Please set down the entire listing exactly.

*** Block opens ***

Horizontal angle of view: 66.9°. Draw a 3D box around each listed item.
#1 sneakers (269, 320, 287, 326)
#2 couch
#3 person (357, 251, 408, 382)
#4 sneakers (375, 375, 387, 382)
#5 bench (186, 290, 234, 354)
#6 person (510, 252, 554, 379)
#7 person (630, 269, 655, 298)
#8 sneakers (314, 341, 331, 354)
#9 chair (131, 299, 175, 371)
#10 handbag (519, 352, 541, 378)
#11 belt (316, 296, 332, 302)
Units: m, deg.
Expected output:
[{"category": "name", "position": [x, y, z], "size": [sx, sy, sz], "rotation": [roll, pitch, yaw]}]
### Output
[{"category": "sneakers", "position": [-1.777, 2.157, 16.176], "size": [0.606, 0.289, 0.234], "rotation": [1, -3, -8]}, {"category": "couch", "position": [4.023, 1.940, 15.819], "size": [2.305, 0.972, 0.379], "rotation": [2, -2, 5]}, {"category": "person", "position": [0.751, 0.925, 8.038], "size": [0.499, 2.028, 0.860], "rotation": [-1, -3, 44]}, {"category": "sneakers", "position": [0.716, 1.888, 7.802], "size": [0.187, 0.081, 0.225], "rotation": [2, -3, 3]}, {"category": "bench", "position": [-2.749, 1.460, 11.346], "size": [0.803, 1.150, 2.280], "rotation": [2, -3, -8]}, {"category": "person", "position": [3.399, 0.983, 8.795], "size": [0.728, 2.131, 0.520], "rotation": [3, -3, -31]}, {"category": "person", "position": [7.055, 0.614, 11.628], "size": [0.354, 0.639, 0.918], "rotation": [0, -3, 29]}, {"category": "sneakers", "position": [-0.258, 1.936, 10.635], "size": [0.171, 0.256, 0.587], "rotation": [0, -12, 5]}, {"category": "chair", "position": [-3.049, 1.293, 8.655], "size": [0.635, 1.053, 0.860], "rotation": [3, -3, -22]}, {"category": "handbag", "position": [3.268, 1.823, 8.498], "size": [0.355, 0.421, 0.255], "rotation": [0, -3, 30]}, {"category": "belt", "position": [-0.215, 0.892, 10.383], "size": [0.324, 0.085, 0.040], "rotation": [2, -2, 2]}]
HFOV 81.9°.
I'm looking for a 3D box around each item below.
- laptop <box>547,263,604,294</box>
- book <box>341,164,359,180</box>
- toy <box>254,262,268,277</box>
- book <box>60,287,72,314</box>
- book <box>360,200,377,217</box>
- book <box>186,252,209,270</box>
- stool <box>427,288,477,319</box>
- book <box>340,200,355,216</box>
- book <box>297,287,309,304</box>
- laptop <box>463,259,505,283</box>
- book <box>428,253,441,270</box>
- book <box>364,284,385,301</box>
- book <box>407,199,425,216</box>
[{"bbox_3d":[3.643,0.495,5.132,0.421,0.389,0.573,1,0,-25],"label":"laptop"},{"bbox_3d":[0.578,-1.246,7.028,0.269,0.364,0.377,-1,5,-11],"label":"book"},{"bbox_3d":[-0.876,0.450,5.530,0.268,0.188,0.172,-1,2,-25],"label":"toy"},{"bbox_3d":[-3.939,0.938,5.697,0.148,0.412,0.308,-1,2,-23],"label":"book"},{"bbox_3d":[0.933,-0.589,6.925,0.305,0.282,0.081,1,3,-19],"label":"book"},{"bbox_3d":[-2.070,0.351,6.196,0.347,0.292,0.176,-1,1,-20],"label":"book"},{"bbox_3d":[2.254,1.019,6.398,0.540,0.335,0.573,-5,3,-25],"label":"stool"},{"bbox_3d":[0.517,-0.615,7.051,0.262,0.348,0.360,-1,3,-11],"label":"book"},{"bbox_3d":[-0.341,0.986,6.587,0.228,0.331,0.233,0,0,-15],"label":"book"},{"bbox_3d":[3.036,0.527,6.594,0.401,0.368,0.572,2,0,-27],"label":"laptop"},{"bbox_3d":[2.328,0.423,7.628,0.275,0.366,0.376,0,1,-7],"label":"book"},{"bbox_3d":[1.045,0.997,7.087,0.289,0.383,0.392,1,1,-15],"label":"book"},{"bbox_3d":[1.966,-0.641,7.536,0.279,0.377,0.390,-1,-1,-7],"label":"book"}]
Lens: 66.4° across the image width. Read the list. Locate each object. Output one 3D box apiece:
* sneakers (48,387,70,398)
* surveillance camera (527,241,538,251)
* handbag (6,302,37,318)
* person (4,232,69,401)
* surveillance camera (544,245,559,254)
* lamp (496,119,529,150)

*** Block closes ***

• Answer box:
Horizontal angle of view: 66.9°. Draw a 3D box around each listed item.
#1 sneakers (269, 320, 287, 326)
#2 couch
#3 person (357, 251, 408, 382)
#4 sneakers (375, 375, 387, 382)
#5 bench (186, 290, 234, 354)
#6 person (510, 252, 554, 379)
#7 person (630, 269, 655, 298)
#8 sneakers (314, 341, 331, 354)
#9 chair (131, 299, 175, 371)
#10 handbag (519, 352, 541, 378)
#11 belt (316, 296, 332, 302)
Units: m, deg.
Expected output:
[{"category": "name", "position": [x, y, z], "size": [sx, sy, sz], "rotation": [roll, pitch, yaw]}]
### Output
[{"category": "sneakers", "position": [-1.777, 2.157, 16.176], "size": [0.606, 0.289, 0.234], "rotation": [1, -3, -8]}, {"category": "couch", "position": [4.023, 1.940, 15.819], "size": [2.305, 0.972, 0.379], "rotation": [2, -2, 5]}, {"category": "person", "position": [0.751, 0.925, 8.038], "size": [0.499, 2.028, 0.860], "rotation": [-1, -3, 44]}, {"category": "sneakers", "position": [0.716, 1.888, 7.802], "size": [0.187, 0.081, 0.225], "rotation": [2, -3, 3]}, {"category": "bench", "position": [-2.749, 1.460, 11.346], "size": [0.803, 1.150, 2.280], "rotation": [2, -3, -8]}, {"category": "person", "position": [3.399, 0.983, 8.795], "size": [0.728, 2.131, 0.520], "rotation": [3, -3, -31]}, {"category": "person", "position": [7.055, 0.614, 11.628], "size": [0.354, 0.639, 0.918], "rotation": [0, -3, 29]}, {"category": "sneakers", "position": [-0.258, 1.936, 10.635], "size": [0.171, 0.256, 0.587], "rotation": [0, -12, 5]}, {"category": "chair", "position": [-3.049, 1.293, 8.655], "size": [0.635, 1.053, 0.860], "rotation": [3, -3, -22]}, {"category": "handbag", "position": [3.268, 1.823, 8.498], "size": [0.355, 0.421, 0.255], "rotation": [0, -3, 30]}, {"category": "belt", "position": [-0.215, 0.892, 10.383], "size": [0.324, 0.085, 0.040], "rotation": [2, -2, 2]}]
HFOV 81.9°.
I'm looking for a 3D box around each item below.
- laptop <box>547,263,604,294</box>
- book <box>341,164,359,180</box>
- toy <box>254,262,268,277</box>
- book <box>60,287,72,314</box>
- book <box>360,200,377,217</box>
- book <box>186,252,209,270</box>
- stool <box>427,288,477,319</box>
- book <box>340,200,355,216</box>
- book <box>297,287,309,304</box>
- laptop <box>463,259,505,283</box>
- book <box>428,253,441,270</box>
- book <box>364,284,385,301</box>
- book <box>407,199,425,216</box>
[{"bbox_3d":[3.643,0.495,5.132,0.421,0.389,0.573,1,0,-25],"label":"laptop"},{"bbox_3d":[0.578,-1.246,7.028,0.269,0.364,0.377,-1,5,-11],"label":"book"},{"bbox_3d":[-0.876,0.450,5.530,0.268,0.188,0.172,-1,2,-25],"label":"toy"},{"bbox_3d":[-3.939,0.938,5.697,0.148,0.412,0.308,-1,2,-23],"label":"book"},{"bbox_3d":[0.933,-0.589,6.925,0.305,0.282,0.081,1,3,-19],"label":"book"},{"bbox_3d":[-2.070,0.351,6.196,0.347,0.292,0.176,-1,1,-20],"label":"book"},{"bbox_3d":[2.254,1.019,6.398,0.540,0.335,0.573,-5,3,-25],"label":"stool"},{"bbox_3d":[0.517,-0.615,7.051,0.262,0.348,0.360,-1,3,-11],"label":"book"},{"bbox_3d":[-0.341,0.986,6.587,0.228,0.331,0.233,0,0,-15],"label":"book"},{"bbox_3d":[3.036,0.527,6.594,0.401,0.368,0.572,2,0,-27],"label":"laptop"},{"bbox_3d":[2.328,0.423,7.628,0.275,0.366,0.376,0,1,-7],"label":"book"},{"bbox_3d":[1.045,0.997,7.087,0.289,0.383,0.392,1,1,-15],"label":"book"},{"bbox_3d":[1.966,-0.641,7.536,0.279,0.377,0.390,-1,-1,-7],"label":"book"}]
Lens: 66.4° across the image width. Read the list. Locate each object. Output one 3D box apiece:
* sneakers (48,387,70,398)
* surveillance camera (527,241,538,251)
* handbag (6,302,37,318)
* person (4,232,69,401)
* surveillance camera (544,245,559,254)
* lamp (496,119,529,150)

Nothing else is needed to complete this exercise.